My first lesson I taught myself self is that I was worthy of being liked and loved without giving away my soul, and my own sanity. People will either like you or not like you because of how you show up. However, showing up under false pretenses doesn’t make for a real relationship, so show up authentically without the bullshit, and people who like people who show up authentically without the bullshit will show up in your life.
The second lesson on the curriculum was to learn the value of committing to myself so that I could stop feeling like I give and give and give and give to everyone else with no reserve left for me. Now that doesn’t mean, only take care of me. On the contrary. Instead, I’ve learned to walk the balance beam of me and them. We are one in the same and I deserve to take care of me as much as I take care of others. When I start leaning too far left or right, I know its time to quit drinking the over obliging elixir of taking too much care of myself or too much care of others and quickly realign to get back to center. One of the ways I’ve found to get there quickly is to ask this question, “How is obliging making me feel?” If I feel like crap, jealous, overworked, angry, etc., well it’s time to kick myself in the obliging ass, and fix it.
The third, and most liberating lesson I’ve learned for keeping my obliger in check, is to uncover the motive, the real motive, behind why I oblige. Questions like, “What am I trying to get from this action?” or “What do I need from this person that is causing me to do this?” or “Is there another way to get what I want, rather than making myself feel used?” All of these are tough questions to ask, yet when I give myself permission to ask them, I feel much better and stop my obliger its tracks.

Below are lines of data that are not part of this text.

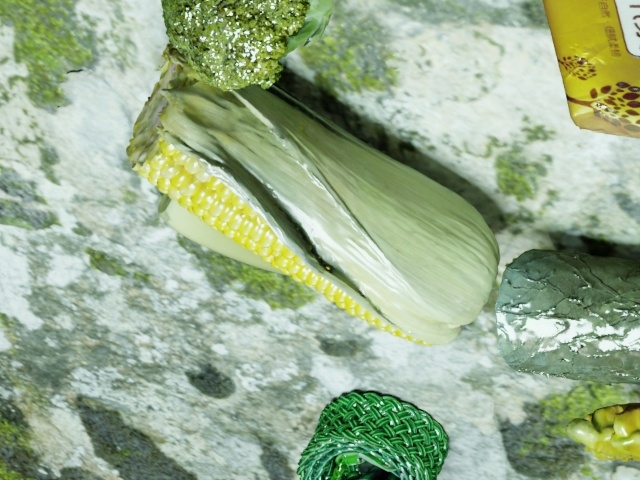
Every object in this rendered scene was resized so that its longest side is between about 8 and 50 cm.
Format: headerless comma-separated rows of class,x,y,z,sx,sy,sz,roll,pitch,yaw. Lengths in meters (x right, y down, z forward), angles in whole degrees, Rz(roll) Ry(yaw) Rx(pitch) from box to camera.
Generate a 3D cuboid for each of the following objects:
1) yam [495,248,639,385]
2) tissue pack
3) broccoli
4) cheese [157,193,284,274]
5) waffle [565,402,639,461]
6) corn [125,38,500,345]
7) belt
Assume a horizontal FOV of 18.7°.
yam,0.231,0.061,1.448,0.183,0.107,0.107,6,141,21
tissue pack,0.224,-0.162,1.174,0.183,0.092,0.226,5,143,24
broccoli,-0.049,-0.163,1.318,0.120,0.130,0.131,-5,123,-30
cheese,0.000,0.000,1.549,0.255,0.050,0.127,27,143,-8
waffle,0.313,0.146,1.471,0.238,0.058,0.243,-8,169,27
corn,-0.005,-0.034,1.431,0.305,0.123,0.122,31,167,-17
belt,0.042,0.206,1.763,0.121,0.079,0.151,34,144,-14

In fact, I no longer call my obliger an obliger. I don’t shine the spotlight on things that are my own version of FAKE NEWS in my life. Instead, when I want to do something for someone, I stand in the place of personal power knowing that I am worthy, ask for what I need either from myself or others with a clear cut reason for what I am asking for, and make sure that I know how it will make me feel once I step in and oblige for the right reasons.

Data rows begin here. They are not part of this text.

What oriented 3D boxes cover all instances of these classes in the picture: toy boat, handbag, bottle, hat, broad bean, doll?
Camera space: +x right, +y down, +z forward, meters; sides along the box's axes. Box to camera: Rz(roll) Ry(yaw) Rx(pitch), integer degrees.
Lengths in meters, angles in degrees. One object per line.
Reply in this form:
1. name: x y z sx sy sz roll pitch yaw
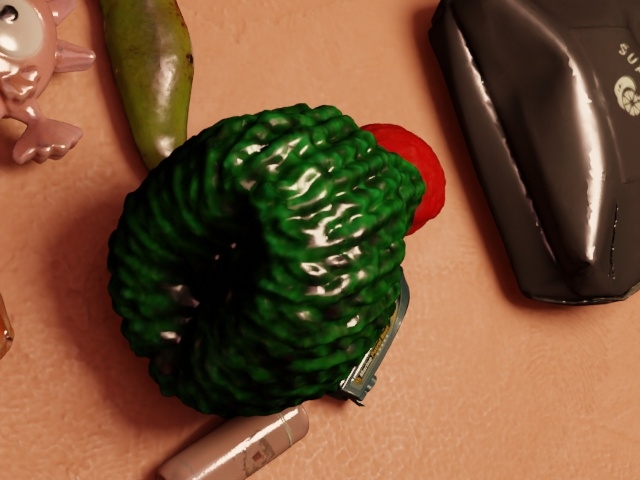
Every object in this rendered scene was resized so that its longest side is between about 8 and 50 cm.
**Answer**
1. toy boat: 0.045 0.083 1.317 0.060 0.055 0.141 37 69 -16
2. handbag: 0.288 -0.118 1.412 0.288 0.152 0.342 -15 84 -34
3. bottle: -0.076 0.185 1.251 0.140 0.053 0.053 -33 90 -23
4. hat: 0.000 0.000 1.241 0.332 0.274 0.242 -24 84 -49
5. broad bean: -0.166 -0.207 1.305 0.077 0.061 0.339 -16 82 -15
6. doll: -0.305 -0.176 1.231 0.211 0.093 0.262 -32 87 -29

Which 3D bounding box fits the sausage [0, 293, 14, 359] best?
1. sausage: -0.414 -0.048 1.166 0.094 0.094 0.419 -44 95 -8

Once I woke to the fact that my obliger was actually a pretty good wingman (not to be sexist, could be a wingwoman), I found my path, my purpose. What is my path, my purpose, you may be asking? To be me, without the need to oblige to get anything, have anyone’s attention, or in some twisted way feel better about myself. My obliger is available to me for those moments that show up when I’m struggling. You see I’ve learned that when I’m most in struggle, I’m off my path, lost my purpose, and forgot what it means to be committed. Committed to me and others in a healthy obliging way.
The question for you is, “What are you struggling to commit to doing for yourself?”, that means it’s time for you to have chat with your own obliger!